Note: you may need to restart the kernel to use updated packages.


## 2. Importing Libraries and Preparing the Dataset

In [22]:
from bertopic import BERTopic
from sentence_transformers import SentenceTransformer
from sklearn.feature_extraction.text import CountVectorizer
from kaggle_secrets import UserSecretsClient
import pandas as pd
import torch
import kagglehub
import numpy as np

dataset = "/kaggle/input/arxiv-ml-ai-052023-052025/arxiv_ml_ai_papers_last_2_years.csv"

try:
    df = pd.read_csv(dataset)
except:
    dataset = kagglehub.dataset_download('student344/arxiv-ml-ai-052023-052025', path="/kaggle/input/arxiv-ml-ai-052023-052025/arxiv_ml_ai_papers_last_2_years.csv")
    df = pd.read_csv(dataset)
    
df["text"] = df["title"] + " " + df["summary"]
print("The dataset has been parsed successfully.")

The dataset has been parsed successfully.


After importing the required libraries, we combine each paper's title and abstract into a single text column for preprocessing. This combined text serves as input for our embedding model. 

We preserve most of the text, including stop words, since transformer-based embedding models require full contextual information to generate accurate embeddings. Light preprocessing is performed to remove escape characters, LaTeX code, URLs, and other noise. [As recommended by BERTopic's developers](https://maartengr.github.io/BERTopic/faq.html#how-do-i-remove-stop-words), any additional preprocessing steps are performed *after* generating the embeddings.



In [23]:
import re

def preprocess(text: str) -> str:
    # Remove inline LaTeX math expressions: $...$
    text = re.sub(r'\$(.*?)\$', '', text)
    
    # Remove display math
    text = re.sub(r'\$\$(.*?)\$\$', '', text, flags=re.DOTALL)
    text = re.sub(r'\\(.*?)(.*?)\\', '', text, flags=re.DOTALL)

    # Remove common LaTeX commands (e.g., "\cite{}", "?????????\ref{}", etc.)
    text = re.sub(r'\\[a-zA-Z]+\{.*?\}', '', text)
    # Remove LaTeX escape sequences such as \\% or \\_
    text = re.sub(r'\\([%_&#$])', r'\1', text)

    # Remove multiple spaces and newlines
    text = re.sub(r'\s+', ' ', text)
    
    # Remove URLs (http/https)
    text = re.sub(r'http\S+|www\.\S+', '', text)
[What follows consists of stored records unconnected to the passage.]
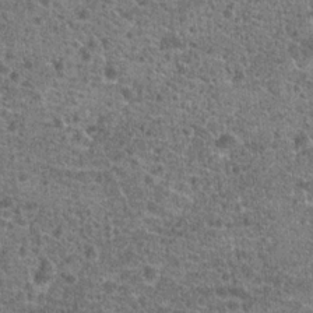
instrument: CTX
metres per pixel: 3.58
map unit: Hto
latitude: 19.7260
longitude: -42.2712
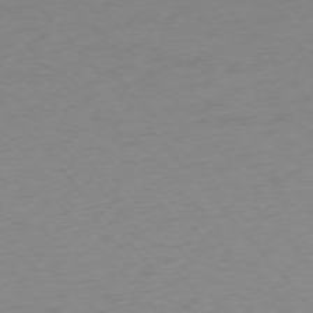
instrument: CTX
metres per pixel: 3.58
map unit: Ap
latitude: -75.5966
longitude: -65.9717
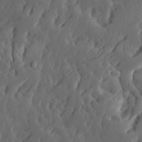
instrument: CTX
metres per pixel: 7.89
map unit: Ave
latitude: 13.7072
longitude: -134.9702
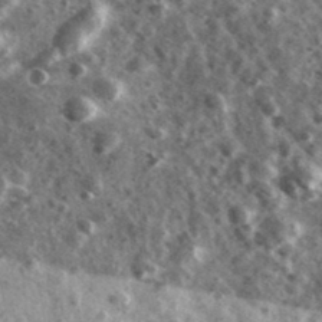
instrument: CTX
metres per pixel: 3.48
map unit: Ave
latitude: 38.3845
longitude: -107.8394
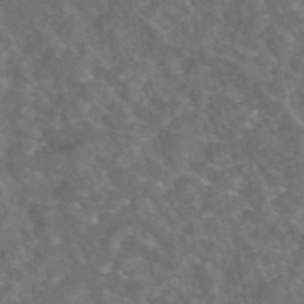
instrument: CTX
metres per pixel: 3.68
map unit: eAb
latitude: 46.4223
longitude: 114.0661

    # Strip leading/trailing whitespace
    text = text.strip()
    
    return text

docs = df['text'].apply(preprocess).to_list()
print('Data preprocessing complete.')

Data preprocessing complete.


## 3. Loading the Embeddings

Sentence embeddings are numerical representations of text that capture semantic meaning. This section handles loading embeddings from the current environment or downloading them from Kaggle. To replicate all steps to create the embeddings from the embedding model, we can set `load_embeddings_from_storage` to `False`. 

In [24]:
embeddings = None
load_embeddings_from_storage = False  # set to False to recreate the embeddings

def load_embeddings():
    try:
        print("Attempting to load embeddings from local storage...")
        return np.load("/kaggle/working/arxiv_gist_embeddings_small.npy")
    except Exception as e:
        print(f"Local load failed: {e}. Trying kagglehub download...")
        return kagglehub.dataset_download(
            'student344/machine-learning-arxiv-papers-122022-122024',
            path="arxiv_gist_embeddings.npy"
        )

if load_embeddings_from_storage:
    embeddings = load_embeddings()
    print("Embeddings loaded successfully.")
else:
    print("Skipping embedding load: will recreate embeddings.")


Skipping embedding load: will recreate embeddings.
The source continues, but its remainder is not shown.